Todo mundo já viu aquelas cenas: alguém fazendo alguns gestos durante um evento público e a plateia surda acompanhando. Mas será que é só isso? A verdade é que existe um abismo — um daqueles abismos que a gente nem percebe — entre saber se comunicar em Libras e realmente dominar a profissão de intérprete.
E quem me contou isso foi a Ana Lúcia, voluntária há mais de uma década na Associação de Pais e Amigos dos Deficientes Auditivos de Presidente Prudente. Ela chega com um sorriso tranquilo, mas quando começa a falar sobre o assunto, a paixão transborda. "As pessoas acham que porque aprenderam o alfabeto manual e algumas saudações já podem se intitular intérpretes", diz, balançando a cabeça. "É como achar que sabe pilotar um avião porque dirigiu um carro pela primeira vez."
Não É Só Gestos, É Cultura
O que muita gente não entende — e isso é crucial — é que Libras tem gramática própria, regionalismos, nuances que fogem completamente da lógica do português. Ana Lúcia explica com uma analogia que ficou na minha cabeça: "Imagina tentar traduzir 'saudade' para o inglês. Não tem equivalente exato, certo? Com Libras é a mesma complexidade, só que multiplicada por dez."
Ela menciona casos embaraçosos que já presenciou: pessoas bem-intencionadas tentando "ajudar" em consultas médicas e cometendo erros que poderiam ter consequências sérias. "Já vi alguém traduzir 'pressão alta' como 'nervosismo' porque não conhecia o sinal específico. O perigo mora aí, nessas pequenas falhas que parecem insignificantes."

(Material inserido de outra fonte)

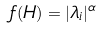<formula> <loc_0><loc_0><loc_500><loc_500>f ( H ) = | \lambda _ { i } | ^ { \alpha }</formula>

O Caminho das Pedras Para Quem Quer Ajudar de Verdade
Mas calma, não é para desanimar! Longe disso. Ana Lúcia é a primeira a incentivar quem quer aprender. "Libras é fascinante, abre portas para conexões incríveis", entusiasma-se. "Só é importante entender que existem níveis de proficiência, assim como em qualquer idioma."
- Curiosidade inicial: Aprender o básico, cumprimentos, o alfabeto manual. Ótimo para quebrar o gelo!
- Fluência conversacional: Conseguir manter diálogos do dia a dia. Já é um avanço e tanto.
- Proficiência técnica: Dominar vocabulário específico de áreas como medicina, direito ou educação.
- Formação profissional: Cursos reconhecidos e muita, mas muita prática supervisionada.
O que me chamou atenção foi a honestidade dela: "Às vezes a pessoa acha que vai aprender em três meses. Leva anos para se tornar realmente bom, como qualquer ofício que vale a pena."
Por Que Isso Importa Tanto?
Presidente Prudente, como muitas cidades do interior, ainda engatinha quando o assunto é acessibilidade. Ana Lúcia conta que a associação vive de doações e trabalho voluntário — e que a demanda só cresce. "Cada novo intérprete formado é uma vitória, mas precisamos de dez vezes mais."
E tem um detalhe que pouca gente considera: a responsabilidade é enorme. Um intérprete em um tribunal, por exemplo, pode decidir o futuro de alguém. Na saúde, pode literalmente salvar vidas. Não é uma atividade para amadores, por melhor que sejam suas intenções.
No final da nossa conversa, Ana Lúcia solta uma frase que resume tudo: "A inclusão de verdade começa quando a gente para de achar que é fácil e assume a complexidade. Aí sim a gente avança." Faz todo o sentido, não faz?